Assigned task >>
The full set of records must be printed exactly as given.

Supplied records >>
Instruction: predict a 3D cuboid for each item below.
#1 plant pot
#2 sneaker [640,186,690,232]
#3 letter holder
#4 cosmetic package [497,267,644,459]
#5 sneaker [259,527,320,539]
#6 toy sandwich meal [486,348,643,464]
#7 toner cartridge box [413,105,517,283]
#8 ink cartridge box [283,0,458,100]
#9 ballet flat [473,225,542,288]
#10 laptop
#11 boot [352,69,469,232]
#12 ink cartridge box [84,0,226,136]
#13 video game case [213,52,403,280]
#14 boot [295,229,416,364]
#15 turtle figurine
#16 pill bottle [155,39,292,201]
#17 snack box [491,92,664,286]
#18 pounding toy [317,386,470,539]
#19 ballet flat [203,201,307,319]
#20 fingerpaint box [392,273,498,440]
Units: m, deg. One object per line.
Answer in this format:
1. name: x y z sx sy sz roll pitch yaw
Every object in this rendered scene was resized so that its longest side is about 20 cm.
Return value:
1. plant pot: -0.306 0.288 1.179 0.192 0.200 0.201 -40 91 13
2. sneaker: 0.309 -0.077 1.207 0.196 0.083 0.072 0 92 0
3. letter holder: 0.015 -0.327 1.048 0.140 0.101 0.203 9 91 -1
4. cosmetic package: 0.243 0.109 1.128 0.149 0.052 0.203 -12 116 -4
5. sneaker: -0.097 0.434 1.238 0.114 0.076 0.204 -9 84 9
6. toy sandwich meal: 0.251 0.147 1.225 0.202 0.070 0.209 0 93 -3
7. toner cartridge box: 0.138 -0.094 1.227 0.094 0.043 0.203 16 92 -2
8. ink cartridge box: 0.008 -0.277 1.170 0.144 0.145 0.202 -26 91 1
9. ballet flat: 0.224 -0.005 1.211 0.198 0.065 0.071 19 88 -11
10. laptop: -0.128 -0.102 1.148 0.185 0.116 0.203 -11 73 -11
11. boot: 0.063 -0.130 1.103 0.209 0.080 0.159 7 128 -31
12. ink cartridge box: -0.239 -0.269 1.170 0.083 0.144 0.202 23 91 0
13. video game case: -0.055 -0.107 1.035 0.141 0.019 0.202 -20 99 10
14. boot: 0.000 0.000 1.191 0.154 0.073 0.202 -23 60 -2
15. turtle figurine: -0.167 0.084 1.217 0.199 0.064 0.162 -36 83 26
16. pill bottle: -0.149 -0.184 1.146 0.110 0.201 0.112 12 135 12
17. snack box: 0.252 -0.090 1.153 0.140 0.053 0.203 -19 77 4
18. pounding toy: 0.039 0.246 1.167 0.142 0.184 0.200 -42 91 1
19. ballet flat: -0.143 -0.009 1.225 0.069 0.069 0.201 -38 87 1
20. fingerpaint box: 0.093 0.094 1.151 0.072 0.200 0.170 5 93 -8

Your solution >>
Instruction: predict a 3D cuboid for each item below.
#1 plant pot
#2 sneaker [640,186,690,232]
#3 letter holder
#4 cosmetic package [497,267,644,459]
#5 sneaker [259,527,320,539]
#6 toy sandwich meal [486,348,643,464]
#7 toner cartridge box [413,105,517,283]
#8 ink cartridge box [283,0,458,100]
#9 ballet flat [473,225,542,288]
#10 laptop
#11 boot [352,69,469,232]
#12 ink cartridge box [84,0,226,136]
#13 video game case [213,52,403,280]
#14 boot [295,229,416,364]
#15 turtle figurine
#16 pill bottle [155,39,292,201]
#17 snack box [491,92,664,286]
#18 pounding toy [317,386,470,539]
#19 ballet flat [203,201,307,319]
#20 fingerpaint box [392,273,498,440]
Units: m, deg. One object per line.
Answer in this format:
1. name: x y z sx sy sz roll pitch yaw
Every object in this rendered scene was resized so that its longest side is about 20 cm.
Return value:
1. plant pot: -0.306 0.288 1.179 0.192 0.200 0.201 -40 91 13
2. sneaker: 0.309 -0.077 1.207 0.196 0.083 0.072 0 92 0
3. letter holder: 0.015 -0.327 1.048 0.140 0.101 0.203 9 91 -1
4. cosmetic package: 0.243 0.109 1.128 0.149 0.052 0.203 -12 116 -4
5. sneaker: -0.097 0.434 1.238 0.114 0.076 0.204 -9 84 9
6. toy sandwich meal: 0.251 0.147 1.225 0.202 0.070 0.209 0 93 -3
7. toner cartridge box: 0.138 -0.094 1.227 0.094 0.043 0.203 16 92 -2
8. ink cartridge box: 0.008 -0.277 1.170 0.144 0.145 0.202 -26 91 1
9. ballet flat: 0.224 -0.005 1.211 0.198 0.065 0.071 19 88 -11
10. laptop: -0.128 -0.102 1.148 0.185 0.116 0.203 -11 73 -11
11. boot: 0.063 -0.130 1.103 0.209 0.080 0.159 7 128 -31
12. ink cartridge box: -0.239 -0.269 1.170 0.083 0.144 0.202 23 91 0
13. video game case: -0.055 -0.107 1.035 0.141 0.019 0.202 -20 99 10
14. boot: 0.000 0.000 1.191 0.154 0.073 0.202 -23 60 -2
15. turtle figurine: -0.167 0.084 1.217 0.199 0.064 0.162 -36 83 26
16. pill bottle: -0.149 -0.184 1.146 0.110 0.201 0.112 12 135 12
17. snack box: 0.252 -0.090 1.153 0.140 0.053 0.203 -19 77 4
18. pounding toy: 0.039 0.246 1.167 0.142 0.184 0.200 -42 91 1
19. ballet flat: -0.143 -0.009 1.225 0.069 0.069 0.201 -38 87 1
20. fingerpaint box: 0.093 0.094 1.151 0.072 0.200 0.170 5 93 -8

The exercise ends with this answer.